Monday, June 13, 2005


I wonder what it's like to be Jonathan. That's my son, Jonathan. He has Asperger's Syndrome, a form of autism. People with AS have normal to high IQs (Jon is way smarter than I'll ever be) but have major social skill deficits. Social relationships are conducted in an odd and inexplicable language that they do not understand. They also tend to be, um, obsessed with particular (and sometimes peculiar) topics. This can also hinder relationships. Ever tried to carry on a conversation with someone who only really cares about discussing D and D?

Jonathan doesn't tend to have too many conversations, give and take interactions. He gives lectures. Fortunately, he is droll and well-versed in any number of topics.
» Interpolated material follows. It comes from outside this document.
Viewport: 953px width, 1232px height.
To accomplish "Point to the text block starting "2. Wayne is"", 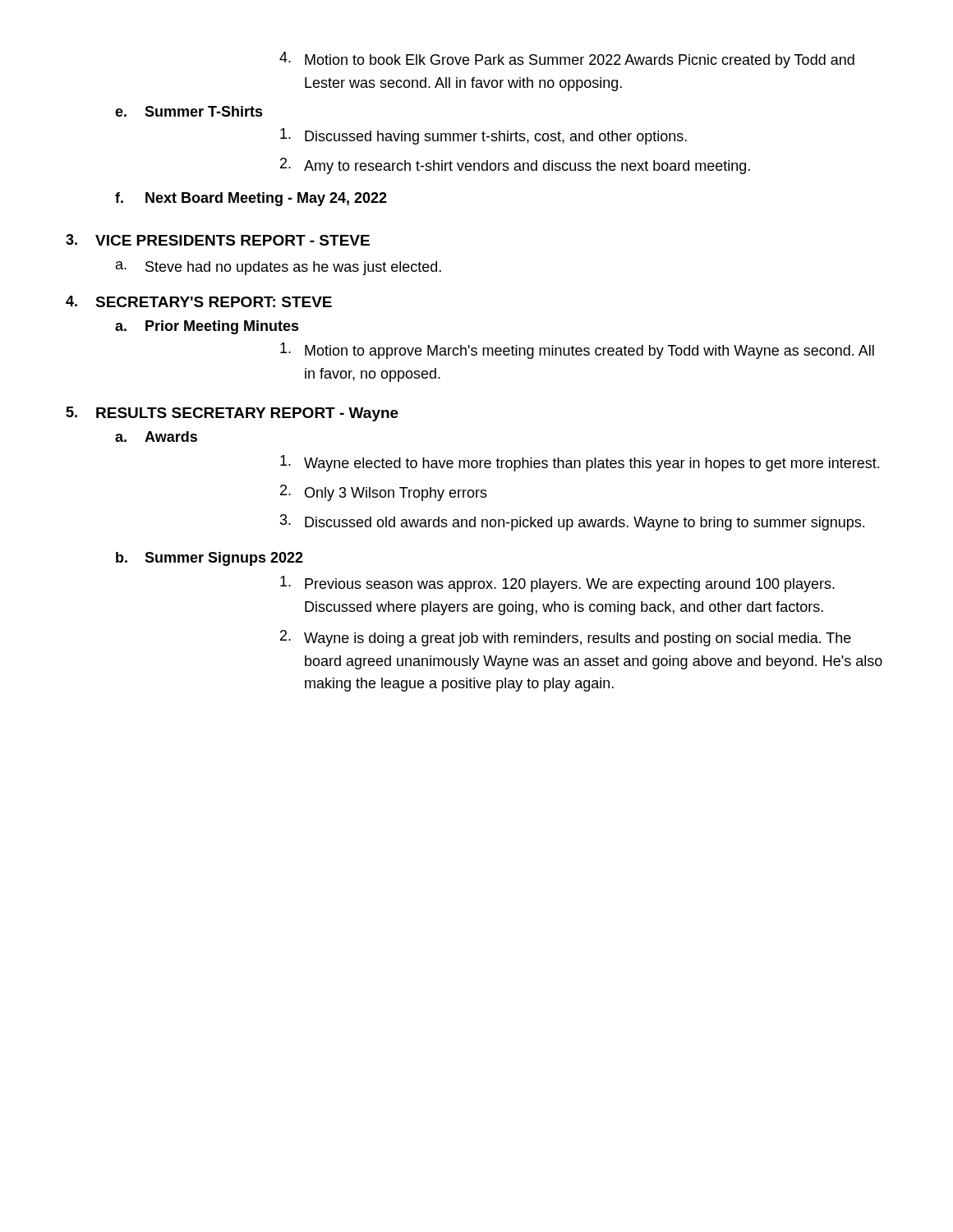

So his lectures tend to be on the amusing side, even if they are on topics about which I care little. They do give me insight into what he cares about. And listening is a way of showing him how much I love him. So I do listen. As long as I can. :-)

The lack of social understanding comes up in surprising places. Jon is homeschooled. As part of his English studies this year, he's been reading American Literature. Generally, he has very high comprehension of all material that he reads. But if a novel were to be focused mostly on relationships, say a Henry James novel, it is all Greek to him. He can't impute motives to characters' actions. He can't put himself in a character's shoes to understand why s/he would think or feel a certain way.

I wonder what it's like, reading these books. He says it's just plain annoying. The books are almost nonsensical to him. Life amongst us neurotypicals (that's what people with AS call us) must be equally nonsensical at times. Despite my life-long attempts to teach him, he doesn't really understand why his dad gets so angry at him or what hurts my feelings. He's brilliant at understanding scientific theories. But he doesn't generalize emotional reactions from one person to the next.

One of the best authors on AS is a woman who has it, Liane Holliday Willey. I've found her books "Pretending to be Normal" and "Asperger Syndrome in the Family: Redefining Normal" have helped me so much to walk for just a second in J's shoes. I can read him passages from these books and he tells me, "Yes, that's it!"

But those are just moments. I can empathize and sympathize with my boy, almost man. Even as a shy introvert, it is beyond my imagination to live in a world where relationships are rarely comforting and always confusing.